La domanda gli sorse spontanea.
Era uno dei suoi, che si era portato prima di andarsene dalla sua terra madre?

Ma non ricordava di aver mai avuto tra le mani quell’album fotografico.

L’albino esaminò attentamente l’oggetto davanti a sé, curioso.
Notò altri dettagli che prima al buio i suoi occhi non avevano catturato, ovvero alcuni ghirigori floreali di un grigio chiaro, sbiadito con il tempo, all’altezza dell’etichetta, aveva un leggero strato di polvere che andava in forte contrasto con la sua superficie scura e al centro vi era scarabocchiato qualcosa.

Assottigliò lo sguardo.

C’era una calligrafia elegante e pulita ma faceva fatica a decifrare le lettere, aveva intuito che ci fossero tre vocali, ma nulla di più.
Strano, non ricordava di aver scritto qualcosa, nonostante lui stesso avesse una brutta grafia seppur era troppo orgoglioso ad ammetterlo così apertamente, di certo non avrebbe mai e poi mai usato quei motivi così difficili alla sua comprensione.
Inclinando la testa, arricciò il labbro inferiore sbattendo di tanto in tanto le palpebre ancora più confuso di prima.

Improvvisamente, ebbe un’illuminazione divina.

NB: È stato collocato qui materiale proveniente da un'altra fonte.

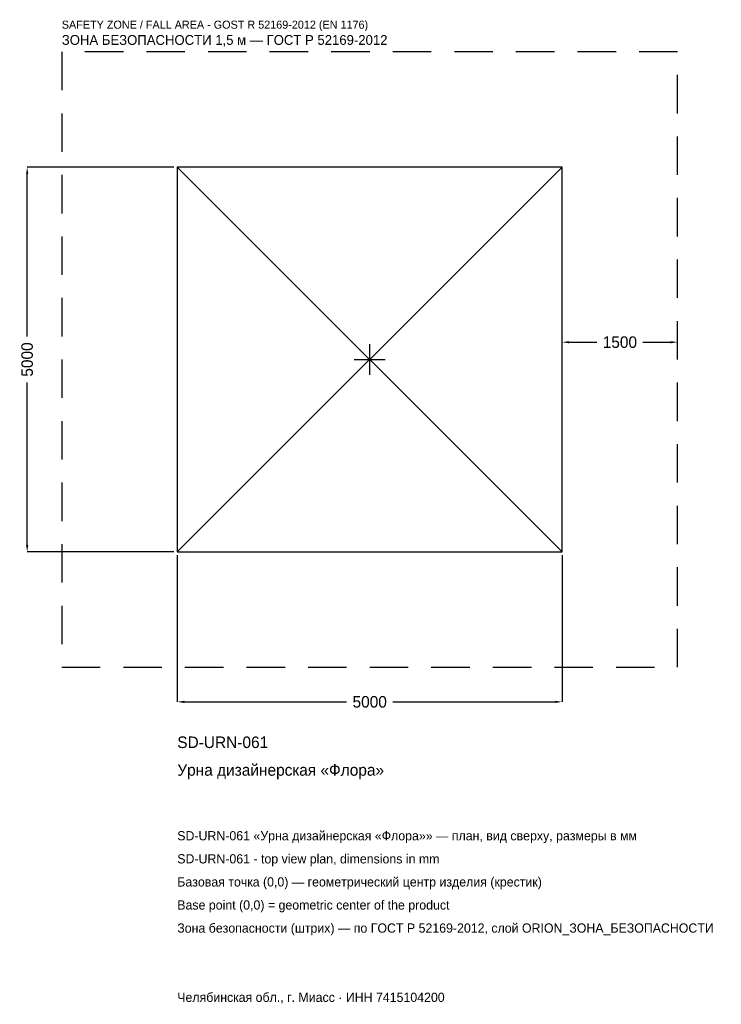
# Model space of a CAD drawing. Header units: metres. Extents: x -4547 to 4568, y -8381 to 4417.
import ezdxf

# ---------------------------------------------------------------- set-up
doc = ezdxf.new("R2010")
doc.units = ezdxf.units.M
doc.linetypes.add('DASHED', pattern=[800, 500, -300])
for name, color, linetype in [('ORION_ДАННЫЕ', 3, 'Continuous'), ('ORION_ЗОНА_БЕЗОПАСНОСТИ', 1, 'Continuous'), ('ORION_КОНТУР', 7, 'Continuous'), ('ORION_РАЗМЕРЫ', 8, 'Continuous')]:
    doc.layers.add(name, color=color, linetype=linetype)
doc.dimstyles.new('ORION', dxfattribs={"dimtxt": 150, "dimasz": 90, "dimexe": 1.25, "dimexo": 45, "dimtad": 1, "dimdec": 0, "dimcen": 2.5, "dimazin": 3, "dimtfac": 1, "dimtmove": 0, "dimatfit": 3, "dimarcsym": 0})

# ---------------------------------------------------------------- blocks, each defined once
blk = doc.blocks.new('_CLOSEDFILLED')
at = {"color": 0, "linetype": 'BYBLOCK'}
blk.add_solid([(-1, 0.16), (0, 0), (-1, -0.16)], dxfattribs=at)
blk = doc.blocks.new('*D1')
for p, q in [((-2500, -2545), (-2500, -4450)), ((2500, -2545), (2500, -4450)), ((-2410, -4450), (-300, -4450)), ((300, -4450), (2410, -4450))]:
    blk.add_line(p, q)
at = {"layer": 'Defpoints'}
for p in [(-2500, -2500), (2500, -2500), (-2500, -4450)]:
    blk.add_point(p, dxfattribs=at)
at = {"layer": 'ORION_РАЗМЕРЫ', "xscale": 90, "yscale": 90, "rotation": 180}
blk.add_blockref('_CLOSEDFILLED', (-2500, -4450), dxfattribs=at)
at = {"layer": 'ORION_РАЗМЕРЫ', "xscale": 90, "yscale": 90}
blk.add_blockref('_CLOSEDFILLED', (2500, -4450), dxfattribs=at)
at = {"layer": 'ORION_РАЗМЕРЫ', "insert": (0, -4450), "char_height": 150, "attachment_point": 5}
blk.add_mtext('5000', dxfattribs=at)
blk = doc.blocks.new('*D2')
for p, q in [((-2545, 2500), (-4450, 2500)), ((-4450, 300), (-4450, 2410)), ((-4450, -2410), (-4450, -300)), ((-2545, -2500), (-4450, -2500))]:
    blk.add_line(p, q)
at = {"layer": 'Defpoints'}
for p in [(-2500, 2500), (-4450, -2500), (-2500, -2500)]:
    blk.add_point(p, dxfattribs=at)
at = {"layer": 'ORION_РАЗМЕРЫ', "xscale": 90, "yscale": 90}
for p, rotation in [((-4450, 2500), 90), ((-4450, -2500), 270)]:
    blk.add_blockref('_CLOSEDFILLED', p, dxfattribs=dict(at, rotation=rotation))
at = {"layer": 'ORION_РАЗМЕРЫ', "insert": (-4450, 0), "char_height": 150, "attachment_point": 5, "rotation": 90}
blk.add_mtext('5000', dxfattribs=at)
blk = doc.blocks.new('*D3')
for p, q in [((2500, 45), (2500, 225)), ((2590, 225), (2950, 225)), ((3550, 225), (3910, 225)), ((4000, 45), (4000, 225))]:
    blk.add_line(p, q)
at = {"layer": 'Defpoints'}
for p in [(2500, 225), (2500, 0), (4000, 0)]:
    blk.add_point(p, dxfattribs=at)
at = {"layer": 'ORION_РАЗМЕРЫ', "xscale": 90, "yscale": 90, "rotation": 180}
blk.add_blockref('_CLOSEDFILLED', (2500, 225), dxfattribs=at)
at = {"layer": 'ORION_РАЗМЕРЫ', "xscale": 90, "yscale": 90}
blk.add_blockref('_CLOSEDFILLED', (4000, 225), dxfattribs=at)
at = {"layer": 'ORION_РАЗМЕРЫ', "insert": (3250, 225), "char_height": 150, "attachment_point": 5}
blk.add_mtext('1500', dxfattribs=at)
blk = doc.blocks.new('ОРИОН SD-URN-061 Урна дизайнерская Флора')
at = {"layer": 'ORION_ЗОНА_БЕЗОПАСНОСТИ', "linetype": 'DASHED'}
blk.add_lwpolyline([(-4000, -4000), (4000, -4000), (4000, 4000), (-4000, 4000)], close=True, dxfattribs=at)
at = {"layer": 'ORION_КОНТУР'}
for p, q in [((-2500, -2500), (2500, 2500)), ((-2500, 2500), (2500, -2500))]:
    blk.add_line(p, q, dxfattribs=at)
blk.add_lwpolyline([(-2500, -2500), (2500, -2500), (2500, 2500), (-2500, 2500)], close=True, dxfattribs=at)
at = {"layer": 'ORION_РАЗМЕРЫ'}
for p, q in [((0, -200), (0, 200)), ((-200, 0), (200, 0))]:
    blk.add_line(p, q, dxfattribs=at)
at = {"layer": 'ORION_ДАННЫЕ'}
for tag, p in [('АРТИКУЛ', (-2500, -5050)), ('НАИМЕНОВАНИЕ', (-2500, -5410))]:
    blk.add_attdef(tag, p, '', height=150, dxfattribs=at)
at = {"layer": 'ORION_ДАННЫЕ', "flags": 1}
for tag, p in [('ПРОИЗВОДИТЕЛЬ', (-2500, -5770)), ('ТЕЛЕФОН', (-2500, -6130)), ('САЙТ', (-2500, -6850)), ('АДРЕС', (-2500, -7210)), ('РЕКВИЗИТЫ', (-2500, -7570)), ('ГАБАРИТЫ', (-2500, -7930)), ('ЗОНА_БЕЗОПАСНОСТИ', (-2500, -8290))]:
    blk.add_attdef(tag, p, '', height=150, dxfattribs=at)
at = {"layer": 'ORION_ЗОНА_БЕЗОПАСНОСТИ', "color": 1}
for s, height, p in [('SAFETY ZONE / FALL AREA - GOST R 52169-2012 (EN 1176)', 105, (-4000, 4300)), ('ЗОНА БЕЗОПАСНОСТИ 1,5 м — ГОСТ Р 52169-2012', 127.5, (-4000, 4090))]:
    blk.add_text(s, height=height, dxfattribs=at).set_placement(p)
at = {"layer": 'ORION_РАЗМЕРЫ'}
dim = blk.add_linear_dim(base=(-4450, -2500), p1=(-2500, -2500), p2=(-2500, 2500), angle=90, dimstyle='ORION', dxfattribs=at)
dim.commit()
dim.dimension.update_dxf_attribs({"geometry": '*D2', "text_midpoint": (-4450, 0)})
for base, p1, p2, picture, middle in [((2500, 225), (2500, 0), (4000, 0), '*D3', (3250, 225)), ((-2500, -4450), (-2500, -2500), (2500, -2500), '*D1', (0, -4450))]:
    dim = blk.add_linear_dim(base=base, p1=p1, p2=p2, dimstyle='ORION', dxfattribs=at)
    dim.commit()
    dim.dimension.update_dxf_attribs({"geometry": picture, "text_midpoint": middle})

msp = doc.modelspace()

# ---------------------------------------------------------------- block references
msp.add_blockref('ОРИОН SD-URN-061 Урна дизайнерская Флора', (0, 0)).add_auto_attribs({'АРТИКУЛ': 'SD-URN-061', 'НАИМЕНОВАНИЕ': 'Урна дизайнерская «Флора»'})

# ---------------------------------------------------------------- texts
at = {"layer": 'ORION_ДАННЫЕ', "color": 3}
for s, p in [('SD-URN-061 «Урна дизайнерская «Флора»» — план, вид сверху, размеры в мм', (-2500, -6250)), ('SD-URN-061 - top view plan, dimensions in mm', (-2500, -6550)), ('Челябинская обл., г. Миасс · ИНН 7415104200', (-2500, -8350))]:
    msp.add_text(s, height=120, dxfattribs=at).set_placement(p)
at = {"layer": 'ORION_ДАННЫЕ', "color": 7}
for s, p in [('Базовая точка (0,0) — геометрический центр изделия (крестик)', (-2500, -6850)), ('Base point (0,0) = geometric center of the product', (-2500, -7150))]:
    msp.add_text(s, height=120, dxfattribs=at).set_placement(p)
at = {"layer": 'ORION_ДАННЫЕ', "color": 1}
msp.add_text('Зона безопасности (штрих) — по ГОСТ Р 52169-2012, слой ORION_ЗОНА_БЕЗОПАСНОСТИ', height=120, dxfattribs=at).set_placement((-2500, -7450))

doc.saveas('drawing.dxf')

Durante il periodo del suo trasloco, Elizabeta gli aveva raccontato che prima di riallacciare i rapporti con il sottoscritto, aveva conosciuto un giovane musicista austriaco.
Come si chiamava?
Ricordava che il suo nome iniziava per “R”, suonava qualcosa come… Rowan?
Roderick?
Rowley?
Non ricordava molto bene al momento, tuttavia, quel tipo era arrivato nella sua città natale per un concerto di beneficenza, dedicato all’Opera d’Austria e qualche ballata folkloristica; e proprio in quell’occasione, lui ed Erzsì s’incontrarono.
Gli disse che all’inizio era incuriosita da quel musicista, il prussiano dovette pizzicarsi la pancia per non inscenare atti di gelosia per quanto fosse dannatamente paranoico, ma dopo qualche mese l’ungherese aveva smesso di frequentarlo.
Aveva delle strane abitudini, a detta sua, del tipo che smarriva spesso i suoi affetti personali e aveva la brutta abitudine di lamentarsi per questioni futili e di poco conto.

Sgranò  gli occhi.

E se quel grosso album fotografico appartenesse a qualcuno che conteneva un qualche segreto?
Tipo, quel damerino che gli voleva soffiare la donna della sua vita?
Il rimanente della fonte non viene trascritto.